Work order -> What is wanted is every line below from the one with "What are all" up to and including the one with "Could you extract", retyped exactly, pictures excluded, nothing else.

Extracted information ->
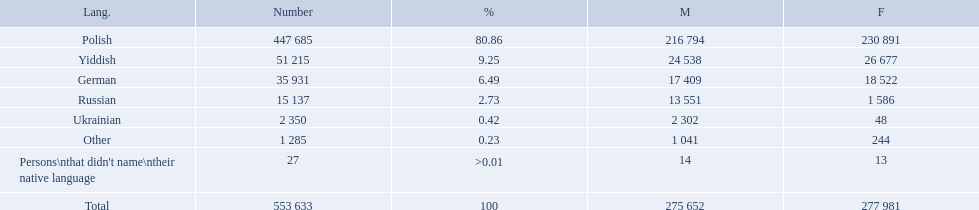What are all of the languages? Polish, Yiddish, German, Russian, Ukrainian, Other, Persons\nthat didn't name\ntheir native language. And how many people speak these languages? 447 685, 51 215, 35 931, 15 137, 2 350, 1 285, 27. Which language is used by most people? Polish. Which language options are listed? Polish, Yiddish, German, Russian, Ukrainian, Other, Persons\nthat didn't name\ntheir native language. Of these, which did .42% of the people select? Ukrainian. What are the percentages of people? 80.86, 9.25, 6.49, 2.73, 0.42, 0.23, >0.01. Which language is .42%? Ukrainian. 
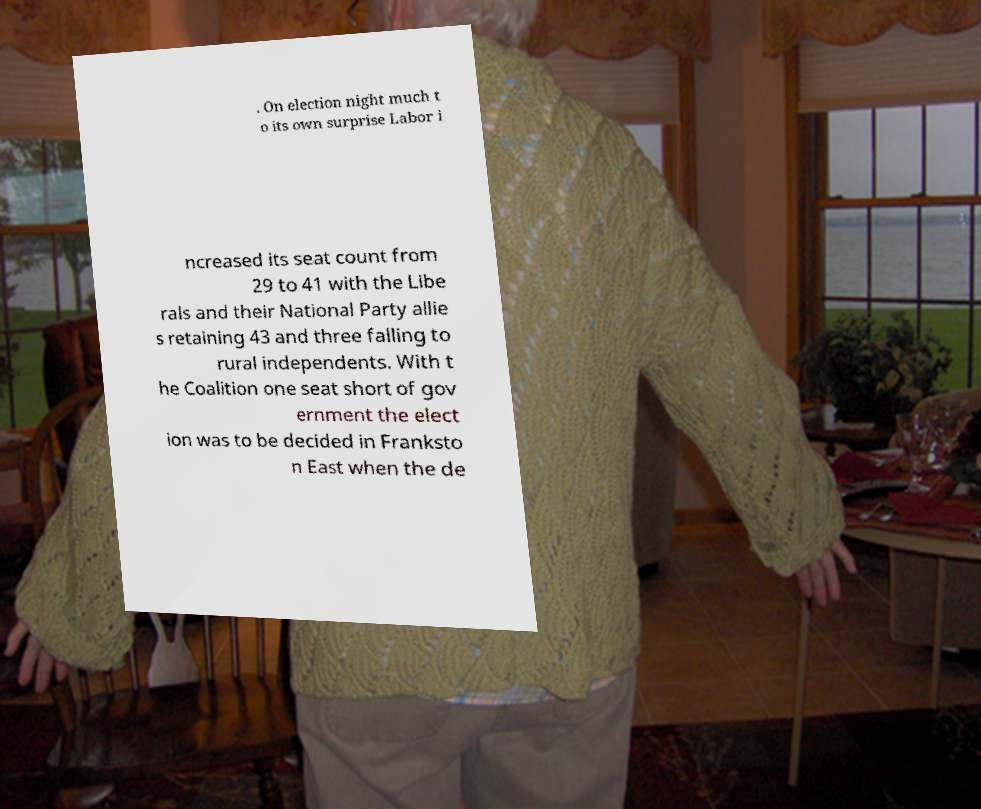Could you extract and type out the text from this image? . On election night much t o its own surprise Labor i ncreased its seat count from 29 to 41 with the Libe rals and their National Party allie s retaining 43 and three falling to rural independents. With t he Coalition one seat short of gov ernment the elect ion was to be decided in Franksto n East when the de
==
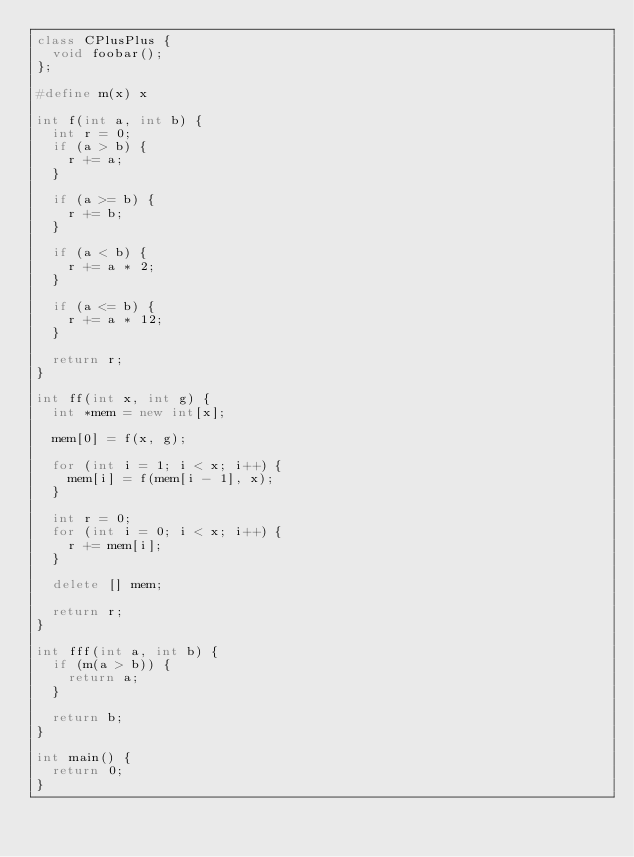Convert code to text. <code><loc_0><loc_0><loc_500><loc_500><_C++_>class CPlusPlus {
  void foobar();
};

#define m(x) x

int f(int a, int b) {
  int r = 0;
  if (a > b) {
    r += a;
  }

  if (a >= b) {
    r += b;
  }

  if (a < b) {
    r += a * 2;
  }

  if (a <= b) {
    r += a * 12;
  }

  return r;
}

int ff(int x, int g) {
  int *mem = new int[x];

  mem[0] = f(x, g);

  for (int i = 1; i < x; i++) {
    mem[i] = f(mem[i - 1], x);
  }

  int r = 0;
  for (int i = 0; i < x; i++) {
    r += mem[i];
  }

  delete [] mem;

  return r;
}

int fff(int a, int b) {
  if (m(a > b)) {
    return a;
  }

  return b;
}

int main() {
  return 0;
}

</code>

Worked solution ->
What are all of the languages? Polish, Yiddish, German, Russian, Ukrainian, Other, Persons\nthat didn't name\ntheir native language. And how many people speak these languages? 447 685, 51 215, 35 931, 15 137, 2 350, 1 285, 27. Which language is used by most people? Polish. Which language options are listed? Polish, Yiddish, German, Russian, Ukrainian, Other, Persons\nthat didn't name\ntheir native language. Of these, which did .42% of the people select? Ukrainian. What are the percentages of people? 80.86, 9.25, 6.49, 2.73, 0.42, 0.23, >0.01. Which language is .42%? Ukrainian. 
Could you extract and type out the text from this image? . On election night much t o its own surprise Labor i ncreased its seat count from 29 to 41 with the Libe rals and their National Party allie s retaining 43 and three falling to rural independents. With t he Coalition one seat short of gov ernment the elect ion was to be decided in Franksto n East when the de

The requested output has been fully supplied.